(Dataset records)
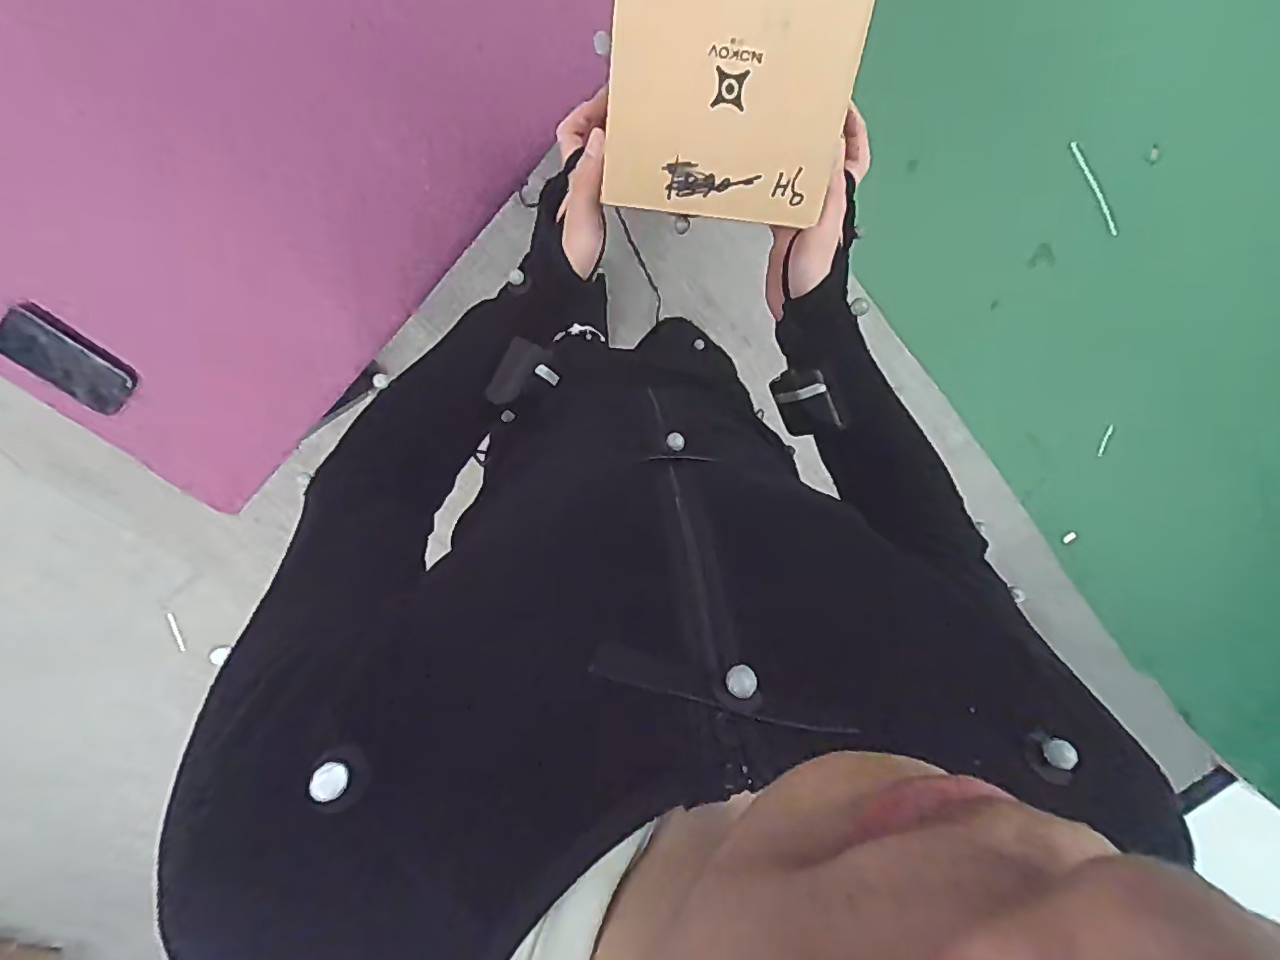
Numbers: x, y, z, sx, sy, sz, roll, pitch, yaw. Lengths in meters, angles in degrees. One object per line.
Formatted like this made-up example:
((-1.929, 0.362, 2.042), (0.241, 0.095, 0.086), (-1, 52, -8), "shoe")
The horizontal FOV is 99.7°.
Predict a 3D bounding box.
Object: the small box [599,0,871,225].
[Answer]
((0.056, -0.311, 0.425), (0.168, 0.176, 0.179), (4, 119, -5), "small box")

EXERCISE OBJECTIVE —
An exact, word-for-word copy of the records is expected, with no pictures in it.

REPLY —
Numbers: x, y, z, sx, sy, sz, roll, pitch, yaw. Lengths in meters, angles in degrees. One object per line.
Formatted like this made-up example:
((-1.929, 0.362, 2.042), (0.241, 0.095, 0.086), (-1, 52, -8), "shoe")
The horizontal FOV is 99.7°.
Predict a 3D bounding box.
Object: the small box [599,0,871,225].
[Answer]
((0.056, -0.311, 0.425), (0.168, 0.176, 0.179), (4, 119, -5), "small box")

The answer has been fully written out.